Q: What about misuse/trolling? Will Art. 23 of DSA address this? Allows temporary suspension for abuse of process. If you as rightsholder already have access to Content ID, will you have an incentive to become a trusted flagger/subject yourself to this regime?

Husovec: DSA is just a bunch of tools; outcomes are up to the actors. Does have tools to disincentivize—suspensions are superior to damages. Also applies to appeals, and collective action for consumer organizations if companies don’t terminate repeat offenders. The problem is whether the supervision of this will be sufficient. Regulator’s role is obvious—can strip trusted flaggers of status if not good, but will they be monitored? If services don’t tell regulators b/c of private ordering, or if they don’t become trusted flaggers b/c they already have Content ID, then it won’t wore

Leistner: questions are interlinked: if the trusted flagger system is rigorously policed, it’s less attractive to rightsholders. In theory we want a Lenz type system with human review for exceptions, but maybe they’ll be more comfortable with private system. NetzDG was of limited effect b/c just adapts existing policies; maybe privatized systems remain preferable to this regulated system, but may offer opportunities to those beyond © like human rights organizations—should be more opportunities for non-© owners to achieve same results. Small © owners are relatively disadvantaged where large © owners have access to monetization and they don’t—we already have this problem.

Tang: Songwriters have complained that authors get worse outcomes through direct licensing.

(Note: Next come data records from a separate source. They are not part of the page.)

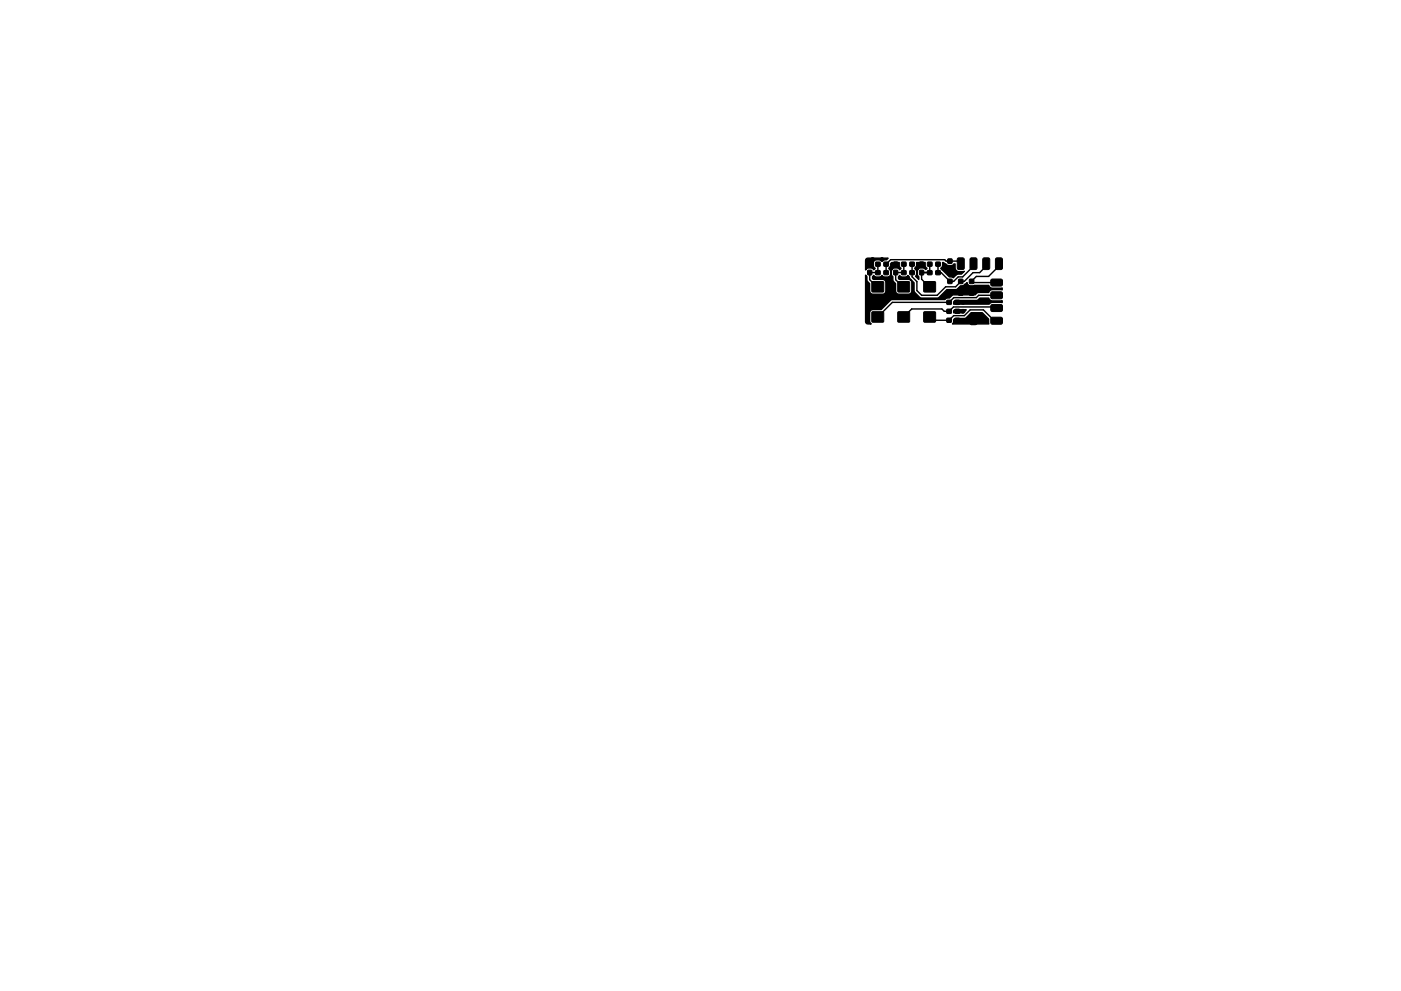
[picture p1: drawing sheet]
<svg xmlns="http://www.w3.org/2000/svg" width="297mm" height="210mm" viewBox="0 0 297 210" stroke-linecap="round" stroke-linejoin="round" font-family="sans-serif">
<g fill="#000" stroke="#000" stroke-width=".21">
<path d="M184 57.4h.8v.9h-.8zM184 55.6h.8v.9h-.8zM185.7 55.6h.9v.8l-.9 .1zM185.7 57.4h.9v.8l-.9 .1zM184.9 59.8h2.4v2.1h-2.4zM187.4 55.6h.9v.8l-.9 .1zM187.4 57.4h.9v.8l-.9 .1zM189.5 57.4h.8v.9h-.8zM189.5 55.6h.8v.9h-.8zM191.2 55.6h.9v.8l-.9 .1zM191.2 57.4h.9v.8l-.9 .1zM190.4 59.8h2.4v2.1h-2.4z"/>
<path d="M192.9 55.6h.9v.8l-.9 .1zM192.9 57.4h.9v.8l-.9 .1zM195 57.4h.8v.9h-.8zM195 55.6h.8v.9h-.8zM196.7 55.6h.9v.8l-.9 .1zM196.7 57.4h.9v.8l-.9 .1zM195.9 59.8h2.4v2.1h-2.4zM198.4 55.6h.9v.8l-.9 .1zM198.4 57.4h.9v.8l-.9 .1zM201 55h.8v.8h-.8zM201 57.5h.8v.8h-.8zM201 59.3h.8v.8h-.8z"/>
<path d="M203.3 59.3h.8v.8h-.8zM203.1 54.8l1-.1 .3 .2v2l-.1 .3h-1l-.3-.2zM205.6 59.3h.8v.8h-.8zM205.8 54.8l1-.1 .3 .2v2l-.1 .3h-1l-.3-.2zM208.5 54.8l1-.1 .3 .2v2l-.1 .3h-1l-.3-.2zM210.2 59.3l2.2-.1 .1 .3v1l-.3 .2h-2l-.1-.3zM211.2 54.8l1-.1 .3 .2v2l-.1 .3h-1l-.3-.2zM184.9 66.2h2.4v2.1h-2.4zM190.4 66.2h2.4v2.1h-2.4zM195.9 66.2h2.4v2.1h-2.4zM200.8 63.7h.9v.8l-.9 .1zM200.8 67.5h.9v.8l-.9 .1z"/>
<path d="M200.8 65.6h.9v.8l-.9 .1zM201 61.8h.8v.8h-.8zM202.5 63.7h.9v.8l-.9 .1zM202.5 67.5h.9v.8l-.9 .1zM202.5 65.6h.9v.8l-.9 .1zM203.3 61.8h.8v.8h-.8zM205.6 61.8h.8v.8h-.8zM205.8 66.5l1-.1 .3 .2v2l-.1 .3h-1l-.3-.2zM210.2 64.7l2.2-.1 .1 .3v1l-.3 .2h-2l-.1-.3zM210.2 67.4l2.2-.1 .1 .3v1l-.3 .2h-2l-.1-.3zM210.2 62l2.2-.1 .1 .3v1l-.3 .2h-2l-.1-.3z"/>
<circle cx="185" cy="55" r=".4"/>
<circle cx="187" cy="55" r=".4"/>
<circle cx="188.9" cy="56.9" r=".4"/>
<circle cx="194.4" cy="56.9" r=".4"/>
<circle cx="202.6" cy="57.9" r=".4"/>
<circle cx="199.8" cy="63" r=".4"/>
<circle cx="204.2" cy="66" r=".4"/>
<circle cx="204.2" cy="64.1" r=".4"/>
<circle cx="204.2" cy="68.1" r=".4"/>
<circle cx="205" cy="60.7" r=".4"/>
<circle cx="205.1" cy="68.1" r=".4"/>
</g>
<g fill="none" stroke="#000" stroke-width=".3">
<path d="M186.1 57.8h-1.7v1.5l1.5 1.5M186.1 57.8h.1M186.1 56v1.8M191.6 57.8h-1.7v1.5l1.5 1.5h.2M191.6 57.8h.1M191.6 56v1.8M195.4 57.8v1.4l1.6 1.6M197.1 56v1.8M198.9 56v1.8h.7l1.8 1.9M201.4 59.7h.1M203.7 55.9l-.6-.5h-2.5l-.3-.3h-11.5l-.9 .9v1.8M206.4 55.9v.5l-2.3 2.3h-1l-.9 1h-.8"/>
<path d="M209.1 55.9v.5l-1.4 1.4h-1.4l-1.9 1.9h-.7l-1.1 1.1h-2.1l-1.8 1.8h-3.3l-1-1v-1.9l-1-1v-2.7M211.8 55.9v.5l-2.2 2.2h-2.6l-1 1 .3 .3h5M197.2 67.2l.6 .7h3.4l1-.9h2.3l1.2-1.3h2.8l2.3 2.3h.5M211.3 62.6h-3.8l-.5 .5h-4.8l-1 1h-12l-3.1 3.1M211.3 65.3l-.2-.2h-9l-.9 .9h-1l-.5-.5h-6.4l-1.7 1.7"/>
</g>
<path d="M195.4 57.8h1.7M197.1 57.8h.1M185.9 60.8h.2M191.5 60.8h.1M197 60.8h.1" fill="none" stroke="#000" stroke-width=".4"/>
<path d="M183.7 54.9l.3-.1h4.3l-.3 .3-.7 .1-.3 .3-.5-.4h-.7a.69 .69 0 0 0-.7 .7l.1 .7 .3 .5-.3 .2-.4-.3h-.8l-.5 .4v-2zM183.5 58.4l.3 .3v.9l.6 .6v1.5a.7 .7 0 0 0 .7 .7h2a.7 .7 0 0 0 .7-.7v-1.7a.7 .7 0 0 0-.7-.7h-1.9l-.2-.2v-.4l.2-.3 .5 .4h.8l.5-.4 .5 .4h.7a.69 .69 0 0 0 .7-.7l-.1-.8-.3-.3 .3-.5 .1-.6 .2-.2h1.6v.7l.3 .6-.3 .2-.3-.3-.7-.1a.69 .69 0 0 0-.7 .7v.7l.3 .5v.9l.6 .6v1.5a.7 .7 0 0 0 .7 .7h2a.7 .7 0 0 0 .7-.7v-1.7a.7 .7 0 0 0-.7-.7h-1.9l-.2-.2v-.4l.2-.3 .5 .4h.8l.5-.4 .3 .3 .1 .4 .9 .9 .1 2 1.4 1.2h3.6l1.8-1.8h2l.9-.7a.82 .82 0 0 0 1-.4l.4-.4a.7 .7 0 0 0 .7 .8l3.9-.2 .2 .4 .5 .2h2.2v.4h-2.2l-.5 .2-.2 .3-2.2 .1-.6 .4-4.7 .1-.8 .6-.6 .1-.3 .2-11.3 .1-2.3 2.1h-1.7a.7 .7 0 0 0-.7 .7v1.9l.3 .4h-.8l-.3-.2-.1-.3zM194.3 55.7h1.9v.7l.3 .6a.34 .34 0 0 1-.3 .2 .34 .34 0 0 1-.3-.3l-.7-.1a.69 .69 0 0 0-.7 .7v.7l.3 .5v.6l-.7-.7 .2-.4 .1-.6-.4-.7 .3-.4zM199.8 55.7l1.2 .6h.8l.7-.3v.8a.83 .83 0 0 0 .8 .9l1.1-.1-.5 .5-1.1 .1-.7 .7-.8-.2-1.5-1.4a.33 .33 0 0 1-.3-.3 .33 .33 0 0 1 .2-.3zM202.2 65.9l.2-.2h2.5l-.7 .7h-2zM202.4 67.6l2.3-.1 1.2-1.2h2.4l1.3 1.4 .1 1h-7.8l.3-.4v-.5zM202.5 63.7l4.5 .1 .7-.6h1.9l.2 .4 .5 .2h2.2v.4h-2.2l-.6 .3h-7.5v-.5z" fill="#000" stroke="#000" stroke-width=".3"/>
</svg>

Under consent decrees, they have to report to authors first. Under direct licensing w/platforms, large publishers skim off the top first.

Leistner: extended collective licensing would be the European answer. [My understanding is that those also overallocate to the top of the distribution.] Would increase costs, but introduce more fairness. Doesn’t fly right now b/c lack of supranational ECL. But he’s certain Europe will look into this b/c the link is so obvious. But that would also mean that every post could cost money.